→ What is required: Each line of the listing below that includes "proposed" should be reported.

(Data excerpts Opens)

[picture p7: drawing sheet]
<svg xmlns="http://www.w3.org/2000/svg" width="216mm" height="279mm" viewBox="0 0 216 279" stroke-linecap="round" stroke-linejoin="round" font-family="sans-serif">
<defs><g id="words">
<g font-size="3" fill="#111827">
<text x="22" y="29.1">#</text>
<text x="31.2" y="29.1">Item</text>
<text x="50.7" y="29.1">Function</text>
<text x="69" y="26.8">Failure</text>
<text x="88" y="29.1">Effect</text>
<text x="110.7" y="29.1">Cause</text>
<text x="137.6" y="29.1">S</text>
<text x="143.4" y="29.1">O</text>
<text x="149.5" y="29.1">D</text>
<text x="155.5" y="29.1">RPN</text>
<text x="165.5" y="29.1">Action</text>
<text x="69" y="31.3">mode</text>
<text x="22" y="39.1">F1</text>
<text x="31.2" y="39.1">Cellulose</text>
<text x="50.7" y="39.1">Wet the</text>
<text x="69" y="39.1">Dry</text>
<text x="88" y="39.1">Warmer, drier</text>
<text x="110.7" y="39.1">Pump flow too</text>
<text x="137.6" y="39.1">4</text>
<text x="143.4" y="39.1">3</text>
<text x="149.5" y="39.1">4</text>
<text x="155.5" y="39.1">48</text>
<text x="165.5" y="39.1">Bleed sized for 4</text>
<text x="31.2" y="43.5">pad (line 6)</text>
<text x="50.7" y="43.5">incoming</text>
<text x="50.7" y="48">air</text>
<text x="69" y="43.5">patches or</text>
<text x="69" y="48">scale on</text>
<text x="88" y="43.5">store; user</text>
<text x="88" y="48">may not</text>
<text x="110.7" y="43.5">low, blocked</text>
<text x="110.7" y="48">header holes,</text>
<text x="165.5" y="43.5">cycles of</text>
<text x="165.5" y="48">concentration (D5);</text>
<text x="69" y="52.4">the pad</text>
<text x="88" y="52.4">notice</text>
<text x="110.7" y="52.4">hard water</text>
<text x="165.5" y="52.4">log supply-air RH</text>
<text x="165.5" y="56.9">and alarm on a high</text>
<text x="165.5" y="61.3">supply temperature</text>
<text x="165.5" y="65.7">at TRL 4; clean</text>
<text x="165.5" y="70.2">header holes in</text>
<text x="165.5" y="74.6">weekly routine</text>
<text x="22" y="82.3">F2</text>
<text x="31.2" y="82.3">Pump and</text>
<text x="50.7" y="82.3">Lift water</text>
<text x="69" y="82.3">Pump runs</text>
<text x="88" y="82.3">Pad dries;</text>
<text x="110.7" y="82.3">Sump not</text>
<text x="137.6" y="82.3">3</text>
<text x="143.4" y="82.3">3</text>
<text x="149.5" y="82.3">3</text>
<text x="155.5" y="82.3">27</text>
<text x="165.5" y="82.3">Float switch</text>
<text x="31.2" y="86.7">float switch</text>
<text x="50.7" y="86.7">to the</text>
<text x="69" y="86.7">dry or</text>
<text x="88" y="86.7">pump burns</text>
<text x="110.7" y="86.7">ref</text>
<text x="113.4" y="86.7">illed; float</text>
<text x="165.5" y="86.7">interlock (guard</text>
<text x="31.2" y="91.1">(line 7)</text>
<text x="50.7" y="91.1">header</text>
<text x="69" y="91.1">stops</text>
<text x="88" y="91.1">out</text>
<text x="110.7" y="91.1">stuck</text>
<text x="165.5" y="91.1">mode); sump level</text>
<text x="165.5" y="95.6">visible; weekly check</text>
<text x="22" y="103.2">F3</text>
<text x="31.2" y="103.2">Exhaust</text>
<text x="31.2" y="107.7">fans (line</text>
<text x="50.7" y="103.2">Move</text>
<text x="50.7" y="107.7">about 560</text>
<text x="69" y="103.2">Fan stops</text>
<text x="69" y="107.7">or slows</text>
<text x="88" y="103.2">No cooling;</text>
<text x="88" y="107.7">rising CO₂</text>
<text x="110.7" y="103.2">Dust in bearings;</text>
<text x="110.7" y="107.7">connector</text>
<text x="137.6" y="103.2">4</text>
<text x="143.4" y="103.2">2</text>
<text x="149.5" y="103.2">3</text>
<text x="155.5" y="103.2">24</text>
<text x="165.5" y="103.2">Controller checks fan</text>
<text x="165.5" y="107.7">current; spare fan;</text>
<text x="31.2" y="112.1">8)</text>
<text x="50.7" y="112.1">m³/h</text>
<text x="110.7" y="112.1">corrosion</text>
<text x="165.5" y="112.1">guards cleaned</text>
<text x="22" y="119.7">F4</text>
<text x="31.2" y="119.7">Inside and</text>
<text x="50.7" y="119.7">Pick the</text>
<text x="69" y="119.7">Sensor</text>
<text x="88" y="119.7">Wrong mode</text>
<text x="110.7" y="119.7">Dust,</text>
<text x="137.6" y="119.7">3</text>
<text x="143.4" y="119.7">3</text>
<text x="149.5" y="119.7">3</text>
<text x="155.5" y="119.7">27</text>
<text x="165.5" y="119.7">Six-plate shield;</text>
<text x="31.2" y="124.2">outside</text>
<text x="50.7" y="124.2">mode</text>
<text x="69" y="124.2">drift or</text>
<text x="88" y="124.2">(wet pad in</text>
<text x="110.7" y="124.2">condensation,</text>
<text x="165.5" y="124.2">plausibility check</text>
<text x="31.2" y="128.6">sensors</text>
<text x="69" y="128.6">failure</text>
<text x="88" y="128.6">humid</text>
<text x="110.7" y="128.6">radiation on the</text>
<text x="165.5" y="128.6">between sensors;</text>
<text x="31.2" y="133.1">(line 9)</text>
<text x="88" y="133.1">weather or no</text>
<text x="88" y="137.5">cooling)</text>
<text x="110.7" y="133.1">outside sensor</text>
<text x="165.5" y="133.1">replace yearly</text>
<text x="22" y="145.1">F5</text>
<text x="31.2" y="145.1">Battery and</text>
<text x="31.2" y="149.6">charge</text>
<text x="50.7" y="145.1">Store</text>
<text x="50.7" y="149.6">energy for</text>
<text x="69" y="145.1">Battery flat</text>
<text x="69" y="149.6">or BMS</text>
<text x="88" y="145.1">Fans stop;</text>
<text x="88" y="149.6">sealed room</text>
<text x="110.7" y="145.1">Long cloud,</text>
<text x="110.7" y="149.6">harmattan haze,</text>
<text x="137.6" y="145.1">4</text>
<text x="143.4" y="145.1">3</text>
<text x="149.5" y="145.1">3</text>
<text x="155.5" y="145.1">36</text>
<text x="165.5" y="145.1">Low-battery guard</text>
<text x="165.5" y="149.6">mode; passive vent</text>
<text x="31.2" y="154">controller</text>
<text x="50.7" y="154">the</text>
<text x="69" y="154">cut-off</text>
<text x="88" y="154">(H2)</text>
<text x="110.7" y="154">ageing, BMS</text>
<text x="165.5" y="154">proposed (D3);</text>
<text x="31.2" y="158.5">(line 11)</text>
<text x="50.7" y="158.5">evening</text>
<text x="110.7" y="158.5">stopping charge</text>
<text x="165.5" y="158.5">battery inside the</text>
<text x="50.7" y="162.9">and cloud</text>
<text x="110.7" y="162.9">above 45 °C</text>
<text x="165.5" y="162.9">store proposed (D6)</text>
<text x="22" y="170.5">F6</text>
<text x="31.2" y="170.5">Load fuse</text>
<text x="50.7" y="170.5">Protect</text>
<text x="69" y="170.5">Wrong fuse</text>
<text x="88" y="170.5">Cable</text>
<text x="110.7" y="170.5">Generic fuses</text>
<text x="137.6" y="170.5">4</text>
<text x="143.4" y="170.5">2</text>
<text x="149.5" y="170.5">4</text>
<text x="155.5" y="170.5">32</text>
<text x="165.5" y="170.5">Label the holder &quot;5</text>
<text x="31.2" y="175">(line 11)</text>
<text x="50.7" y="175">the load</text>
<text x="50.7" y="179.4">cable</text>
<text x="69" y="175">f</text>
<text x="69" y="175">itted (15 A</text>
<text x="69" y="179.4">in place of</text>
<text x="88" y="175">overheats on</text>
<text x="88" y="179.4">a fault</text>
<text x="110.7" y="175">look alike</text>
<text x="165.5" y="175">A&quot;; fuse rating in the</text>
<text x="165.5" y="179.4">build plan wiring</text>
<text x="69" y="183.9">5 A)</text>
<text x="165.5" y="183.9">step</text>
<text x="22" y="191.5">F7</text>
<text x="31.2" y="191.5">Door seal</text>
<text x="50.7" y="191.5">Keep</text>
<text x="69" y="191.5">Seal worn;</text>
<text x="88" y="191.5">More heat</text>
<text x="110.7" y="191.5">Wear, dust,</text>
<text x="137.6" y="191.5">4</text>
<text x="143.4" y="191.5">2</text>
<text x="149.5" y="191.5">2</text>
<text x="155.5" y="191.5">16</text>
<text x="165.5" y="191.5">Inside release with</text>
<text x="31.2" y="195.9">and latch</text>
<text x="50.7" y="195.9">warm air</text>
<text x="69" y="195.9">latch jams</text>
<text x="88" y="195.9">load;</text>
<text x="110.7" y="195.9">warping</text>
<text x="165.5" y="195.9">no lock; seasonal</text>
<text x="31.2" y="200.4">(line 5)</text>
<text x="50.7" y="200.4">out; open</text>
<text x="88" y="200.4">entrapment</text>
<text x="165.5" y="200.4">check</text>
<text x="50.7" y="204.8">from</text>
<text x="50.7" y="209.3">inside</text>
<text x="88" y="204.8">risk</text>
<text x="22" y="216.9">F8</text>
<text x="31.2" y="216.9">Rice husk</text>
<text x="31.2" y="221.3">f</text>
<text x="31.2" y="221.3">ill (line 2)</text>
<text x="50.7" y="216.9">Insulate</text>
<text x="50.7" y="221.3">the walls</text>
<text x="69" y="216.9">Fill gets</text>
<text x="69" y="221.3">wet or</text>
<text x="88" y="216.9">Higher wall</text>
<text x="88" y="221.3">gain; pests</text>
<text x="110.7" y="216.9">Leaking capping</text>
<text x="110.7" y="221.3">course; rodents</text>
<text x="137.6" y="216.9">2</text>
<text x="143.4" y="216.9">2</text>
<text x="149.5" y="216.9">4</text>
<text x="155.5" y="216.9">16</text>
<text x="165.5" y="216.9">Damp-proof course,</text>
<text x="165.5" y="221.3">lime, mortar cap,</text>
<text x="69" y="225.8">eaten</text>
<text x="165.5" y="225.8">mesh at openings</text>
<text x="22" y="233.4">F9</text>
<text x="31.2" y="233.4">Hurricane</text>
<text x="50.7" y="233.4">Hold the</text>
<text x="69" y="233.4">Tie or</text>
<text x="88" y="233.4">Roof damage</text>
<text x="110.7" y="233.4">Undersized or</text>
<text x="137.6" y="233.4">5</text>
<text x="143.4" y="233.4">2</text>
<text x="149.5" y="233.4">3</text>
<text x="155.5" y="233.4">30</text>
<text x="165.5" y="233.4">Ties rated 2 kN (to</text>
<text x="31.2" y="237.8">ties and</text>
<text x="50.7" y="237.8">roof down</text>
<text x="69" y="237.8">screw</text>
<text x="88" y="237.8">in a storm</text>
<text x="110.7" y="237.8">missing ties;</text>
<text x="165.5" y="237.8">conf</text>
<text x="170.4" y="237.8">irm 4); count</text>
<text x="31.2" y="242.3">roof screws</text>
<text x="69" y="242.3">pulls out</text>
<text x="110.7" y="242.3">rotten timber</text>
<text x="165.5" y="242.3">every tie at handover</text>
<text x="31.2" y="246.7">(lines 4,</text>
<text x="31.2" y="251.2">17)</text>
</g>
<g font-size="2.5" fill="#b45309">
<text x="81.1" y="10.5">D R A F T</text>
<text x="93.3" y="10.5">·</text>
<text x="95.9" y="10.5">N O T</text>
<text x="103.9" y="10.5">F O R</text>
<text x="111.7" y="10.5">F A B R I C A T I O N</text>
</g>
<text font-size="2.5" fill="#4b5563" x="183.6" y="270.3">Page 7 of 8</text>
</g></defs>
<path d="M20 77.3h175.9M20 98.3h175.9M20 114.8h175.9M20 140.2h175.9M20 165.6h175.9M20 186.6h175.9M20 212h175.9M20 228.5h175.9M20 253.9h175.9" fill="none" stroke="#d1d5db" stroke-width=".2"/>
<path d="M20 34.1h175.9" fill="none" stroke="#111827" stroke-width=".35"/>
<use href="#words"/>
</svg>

(Data excerpts Closes)

→ Solution:
<text x="165.5" y="154">proposed (D3);</text>
<text x="165.5" y="162.9">store proposed (D6)</text>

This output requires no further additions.